Soon the country shall be awash in electoral fever. Election campaign signs will dot the landscape and news reporters will seriously announce and analyze changes in polls within the margin of error. The hair and breakfast choices of each candidate will be discussed by people with PhDs trying to make you think it matters and we will eventually be so over saturated with the presidential election many will avoid TV for the last week. Though in reality all the talk and hot wind is actually good, it speaks of the strength of American democracy, and the passion we have for our elections. Yes we can be over saturated with things like TV ads and election campaign signs but it’s better to have those and to know who is running. So let’s take a moment to examine (very briefly) the history of electoral advertizing.
The two oldest forms of campaign advertizing still exist today, the printed election campaign sign and the meet and great/speech. Both approaches still have a strong reason to be in use, they are somewhat cheap and have the value of personalizing a candidate with people. Speeches help to rally the faithful and signs help to inform people of a candidate option. Print advertizing was also common early but required a greater degree of literacy than was widely available. It wasn’t until radio that candidates had the ability to reach out and communicate with the entire populace all at once. The real revolution to advertizing came with Eisenhower’s short TV ads; they managed to make the war hero look approachable at the same time as knowledgeable. In the previous election Truman had attributed his success to shaking hands and meeting people and in four short years the balance tipped to favor television.
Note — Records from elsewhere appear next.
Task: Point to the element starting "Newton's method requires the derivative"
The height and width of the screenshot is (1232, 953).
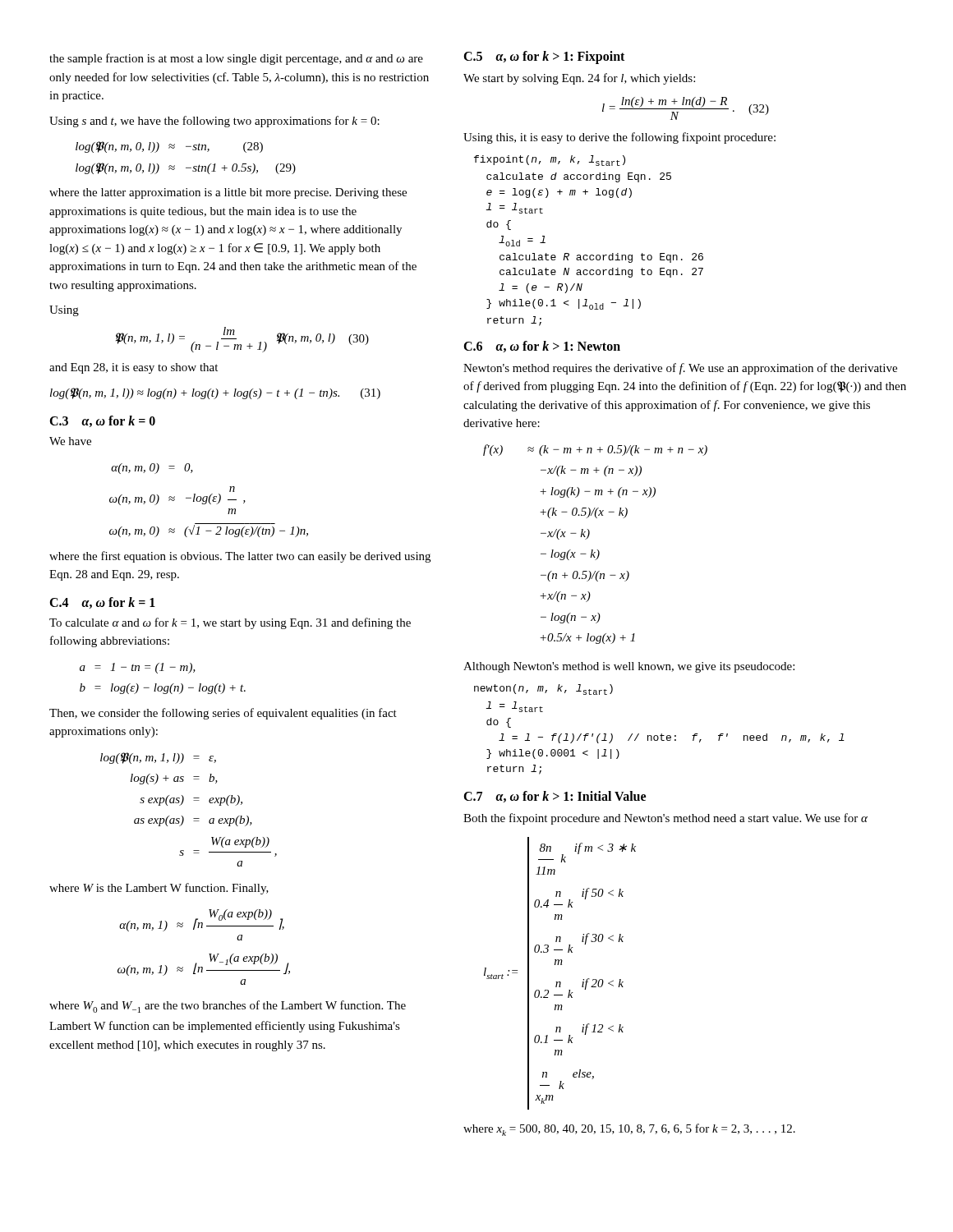Action: (x=685, y=396)
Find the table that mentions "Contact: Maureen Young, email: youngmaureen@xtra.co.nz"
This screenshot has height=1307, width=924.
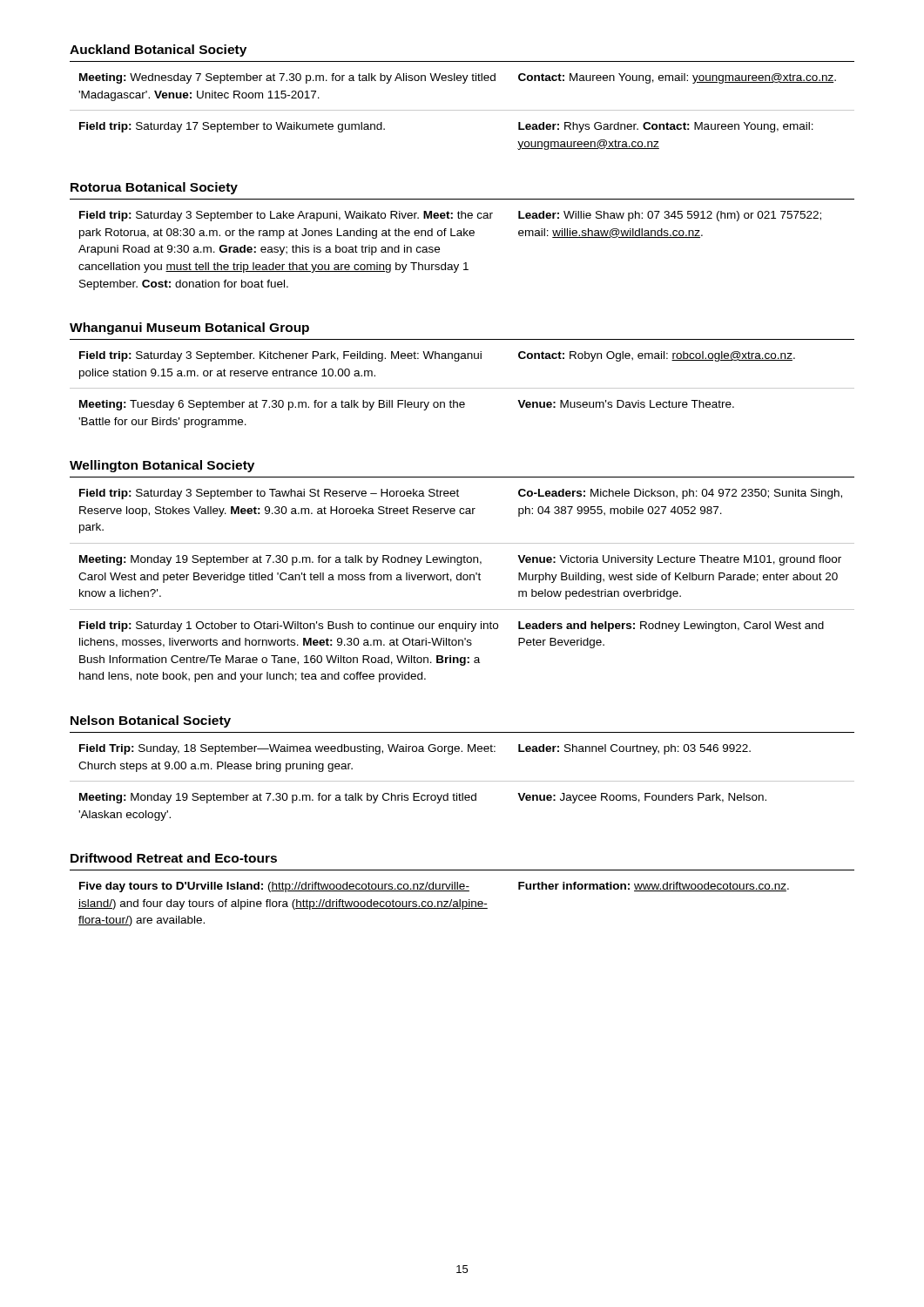pos(462,110)

Things keep changing, and new media mastery has risen in prominence. Obama for example was widely acclaimed for his mastery of the internet as a campaign tool. Now more candidates are trying to tie cyber politics into their campaign, but that which is old is new again. Candidates still rely on shaking hands and quite often for positions lower than president an election campaign sign is the first thing a voter sees of the candidate. While we may think the advertizing gets to be too much that’s really only one of the many elections on the ballot, and we need the signs, stickers, speeches, rallies, and TV ads to make sure we know what our options are. Only when we know who we can vote for can we find out who we want to vote for.